As in the first and second embodiments, the processed resist pattern shows a good shape with a high aspect ratio and a dimensional conversion difference (upper resist size−lower resist size after etching). It was a very small value. In addition, since the antireflection film 14 exists but is easily removed, the rework in the lithography process is easier than in the past.

The present invention is not limited to the above embodiment.
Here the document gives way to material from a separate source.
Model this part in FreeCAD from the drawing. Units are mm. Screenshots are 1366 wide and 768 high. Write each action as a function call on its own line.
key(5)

For example, in the above embodiment, a silicon oxide film (film to be processed) is formed on a silicon substrate as a substrate to be processed.
Was used, but the film to be processed may be another film such as a polycrystalline silicon film or a metal film used for a gate electrode or the like. The film to be processed is not limited to a single-layer film, and may be, for example, a laminated film of a polysilicon film and a W film used for a gate electrode. Further, the substrate to be processed may be a substrate. As a process in which the substrate to be processed becomes a substrate, for example, there is a process of forming an element isolation groove or a trench capacitor.

The semiconductor substrate is not limited to a bulk silicon substrate, but may be, for example, an SOI substrate or a semiconductor substrate other than a silicon substrate.
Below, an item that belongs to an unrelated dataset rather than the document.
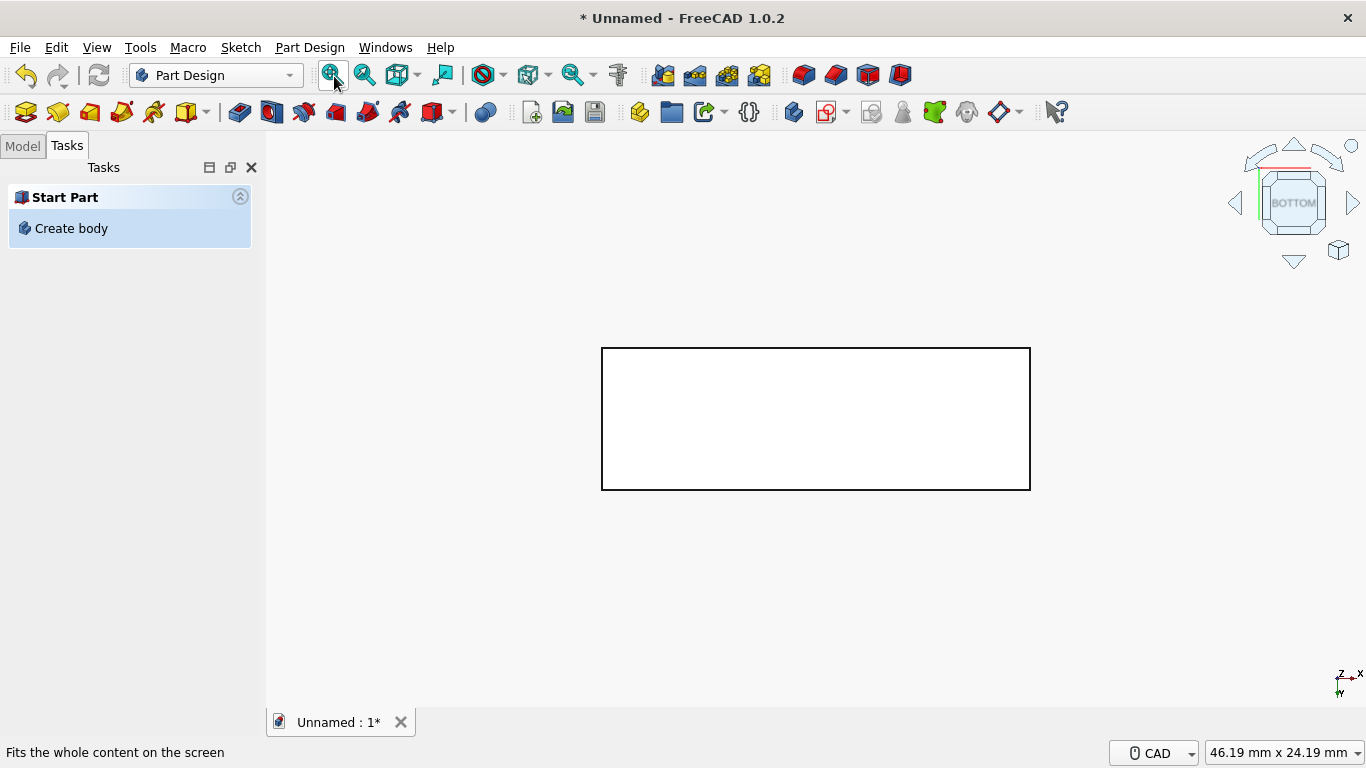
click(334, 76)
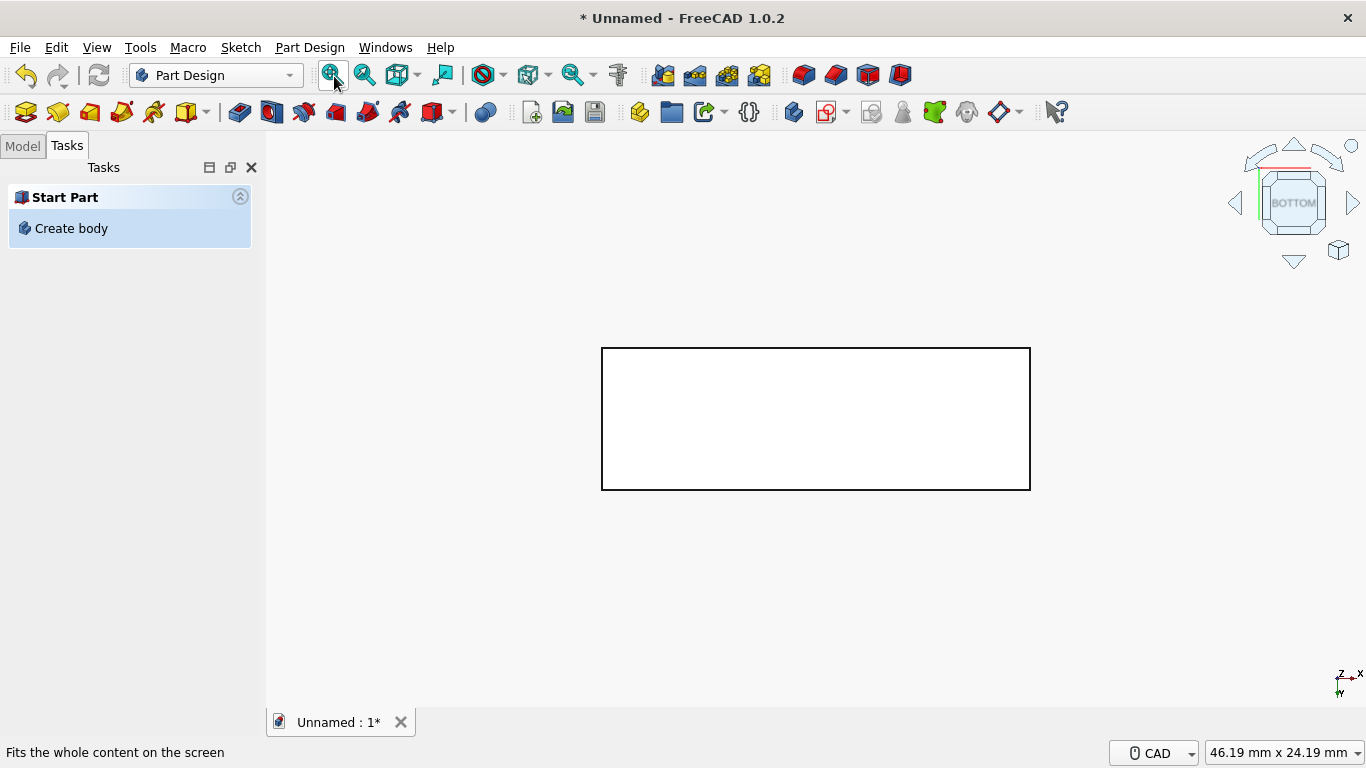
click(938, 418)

Further, in the above embodiment, the case where the KrF excimer laser device is used as the exposure light source has been described. However, the present invention may use an ArF, Xe or F2 excimer laser device.

In addition, various modifications can be made without departing from the spirit of the present invention.

[0049]

As described above in detail, according to the present invention, it is possible to realize a method of forming a multilayer resist pattern capable of reducing a dimensional error of a resist pattern and simplifying a rework process.

[Brief description of the drawings]

FIG. 1 is a process sectional view showing a method for forming a multilayer resist pattern according to a first embodiment of the present invention.

FIG. 2 is a process sectional view showing a method for forming a multilayer resist pattern according to a second embodiment of the present invention.

FIG. 3 is a process sectional view showing a conventional method of forming a multilayer resist pattern.

[Explanation of symbols]

 REFERENCE SIGNS LIST 1 silicon substrate 2 silicon oxide film 3 lower resist (polyarylene film) 4 upper resist pattern 5 polysilsesquioxane film 11 silicon substrate 12 silicon oxide film 13 lower resist (polyacenaphthene film) 14 antireflection film 15 upper resist pattern 16 polysilsesquioxane film

──────────────────────────────────────────────────続 き Continued on the front page (51) Int.Cl. ⁷ Identification code FI Theme coat ゛ (Reference) H01L 21/3205 H01L 21/302 J 21/88 B F Term (Reference) 2H025 AA02 AA03 AA09 AB16 AC08 AD03 BE00 BE10 BG00 DA11 FA28 FA41 2H096 AA25 BA11 EA05 HA23 HA30 KA02 KA06 KA30 LA06 5F004 AA04 BA03 BA04 DA01 DA26 DB24 EA02 EA06 5F033 HH04 HH07 MM05 QQ01 QQ08 QQ09 QQ13 QQ28 QQ29 QQ31 RR04 RR04 RRXXRR

Claims (4)

[Claims] A step of forming a lower resist as a first film on a substrate to be processed; a step of forming an upper resist as a second film on the lower resist film; and patterning the upper resist. A step of forming an upper resist pattern, and using a casting solvent containing at least one of water, alcohol, anisole and an aliphatic hydrocarbon solvent, and forming a third film on the upper resist pattern by a casting method. Forming a resist pattern. 2. The method according to claim 1, wherein the third film contains at least one of Si, Al, and Ti. 3. The method according to claim 1, wherein the third film has a hydroxyl group and an amino group in its skeleton. 4. The upper resist pattern by etching back or polishing the surface of the third film using a reactive ion etching method or a chemical mechanical polishing method until the surface of the upper resist pattern is exposed. And selectively processing the upper resist pattern and the lower resist by RIE using the remaining third film as a mask. The method of forming a resist pattern according to claim 1.